Silence. Robert avait du mal à parler, mais il poursuivit.

— Oui, j’ai volé quelques conserves pour le marché noir. Pour gagner un peu d’argent, pour nourrir mes gosses. Mes gosses avaient tellement faim. Mais le maquis n’a pas crevé de faim, sinon j’aurais pas fait ça. Et j’ai pris des outils pour mon garage. Des outils qu’on utilisait pas, ou qu’on avait en double. Oui, c’était mal, mais pourquoi m’avoir fait ça ? Pourquoi brûler ma maison pour quelques conserves ?

Silence.

— J’ai servi mon pays, j’ai lutté contre les Allemands. J’ai lutté avec toi, Claude. J’ai lutté à côté de toi. On s’est fait confiance, tu te rappelles le dépôt de locomotives qu’on a fait sauter ensemble ?

Claude ne répondit pas.

— Tu te rappelles ? Je vous ai emmenés en camionnette. Je vous ai aidés à poser les charges. Tu te souviens ? Il fallait ramper sous les locomotives, pas facile, ça non, pas facile. Les locomotives sont basses, et moi qui suis un peu costaud, j’ai bien cru que j’allais rester coincé, tu te souviens ? On a ri après ça. On a ri.

Silence.

— Je vous rembourserai la nourriture, je vous donnerai de l’argent, je vous rendrai les outils, j’en rachèterai même d’autres. Mais pourquoi m’avoir fait ça… Vous êtes venus libérer la France, au péril de votre vie… Tout ça pour brûler la maison d’un voleur de boîtes de conserve.
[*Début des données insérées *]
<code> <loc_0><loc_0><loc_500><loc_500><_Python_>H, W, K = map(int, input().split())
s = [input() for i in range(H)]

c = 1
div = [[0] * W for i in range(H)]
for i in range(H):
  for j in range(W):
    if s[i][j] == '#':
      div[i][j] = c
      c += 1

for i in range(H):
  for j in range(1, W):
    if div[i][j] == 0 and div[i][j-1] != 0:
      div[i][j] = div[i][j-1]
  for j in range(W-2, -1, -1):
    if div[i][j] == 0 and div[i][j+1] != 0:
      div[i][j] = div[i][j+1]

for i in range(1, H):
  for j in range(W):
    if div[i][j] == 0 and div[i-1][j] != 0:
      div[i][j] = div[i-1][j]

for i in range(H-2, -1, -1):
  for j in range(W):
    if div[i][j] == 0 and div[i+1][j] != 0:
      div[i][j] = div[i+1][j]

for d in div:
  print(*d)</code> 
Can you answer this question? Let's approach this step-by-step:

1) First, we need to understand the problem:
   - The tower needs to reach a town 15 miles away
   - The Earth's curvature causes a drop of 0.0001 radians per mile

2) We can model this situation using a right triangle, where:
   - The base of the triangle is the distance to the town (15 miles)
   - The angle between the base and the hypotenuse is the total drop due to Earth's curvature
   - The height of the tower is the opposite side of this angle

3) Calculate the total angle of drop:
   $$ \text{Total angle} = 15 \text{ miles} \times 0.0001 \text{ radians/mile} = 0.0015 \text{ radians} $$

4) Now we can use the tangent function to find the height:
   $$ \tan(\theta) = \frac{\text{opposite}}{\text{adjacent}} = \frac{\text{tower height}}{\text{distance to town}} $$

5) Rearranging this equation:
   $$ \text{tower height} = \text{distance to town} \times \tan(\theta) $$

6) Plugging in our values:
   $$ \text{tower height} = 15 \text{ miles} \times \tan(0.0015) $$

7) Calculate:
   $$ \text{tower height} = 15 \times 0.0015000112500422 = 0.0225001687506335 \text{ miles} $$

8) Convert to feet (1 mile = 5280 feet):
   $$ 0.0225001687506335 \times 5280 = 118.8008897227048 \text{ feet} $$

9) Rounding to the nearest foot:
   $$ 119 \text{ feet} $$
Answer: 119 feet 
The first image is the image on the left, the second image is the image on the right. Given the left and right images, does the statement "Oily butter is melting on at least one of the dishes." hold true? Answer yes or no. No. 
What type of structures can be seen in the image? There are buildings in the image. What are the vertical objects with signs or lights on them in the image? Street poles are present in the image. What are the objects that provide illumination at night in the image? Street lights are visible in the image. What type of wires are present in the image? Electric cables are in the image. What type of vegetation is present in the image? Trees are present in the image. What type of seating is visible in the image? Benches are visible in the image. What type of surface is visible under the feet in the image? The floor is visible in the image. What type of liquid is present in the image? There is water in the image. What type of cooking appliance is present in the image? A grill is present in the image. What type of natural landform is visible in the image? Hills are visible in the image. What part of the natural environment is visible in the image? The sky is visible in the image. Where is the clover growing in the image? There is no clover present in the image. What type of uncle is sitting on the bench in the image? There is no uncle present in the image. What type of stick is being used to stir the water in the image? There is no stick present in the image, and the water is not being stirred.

Tout ça pour ça ? C’est donc ça l’idéal qui vous a emmenés jusqu’ici ? Mais Seigneur ! Je suis un honnête Français. Un bon père et un bon citoyen.

Robert cessa de parler. Il n’en pouvait plus. Il avait tellement mal. Il avait envie de mourir tant il avait mal. Et sa maison qui brûlait. Il l’aimait cette maison. Où vivraient-ils maintenant ?

Il y eut un long silence. Le crépitement des flammes avait supplanté les bruits de la nuit. Key rengaina son arme. Par la fenêtre de la maison voisine où s’étaient réfugiés la femme et les enfants de Robert, terrifiés, il croisa le regard de l’enfant qui regardait son père, battu et humilié sous ses yeux.

La maison brûlait, les flammes s’élevaient haut dans le ciel. L’homme, couché dans la poussière, sanglotait. Claude se passa une main sur le visage. Robert était innocent.

— Qu’avons-nous fait, Key ? souffla-t-il.

— Je n’en sais rien. Nous ne sommes même plus des Hommes.

Silence.

— Il faut qu’on rentre, il faut partir. Partir et oublier.

Key acquiesça. Partir et oublier.

— Je me charge de nous trouver un avion pour Londres, dit-il. Va chercher Gros.

QUATRIÈME PARTIE

59

Plus personne ne l’aimait. Alors il était parti. Sur le pont du bateau qui l’emmenait à Calais, Gros regardait l’Angleterre qui s’éloignait. Le vent furieux de la fin d’automne lui battait le visage. Il était si triste. C’était la fin octobre 1944, et plus personne ne l’aimait.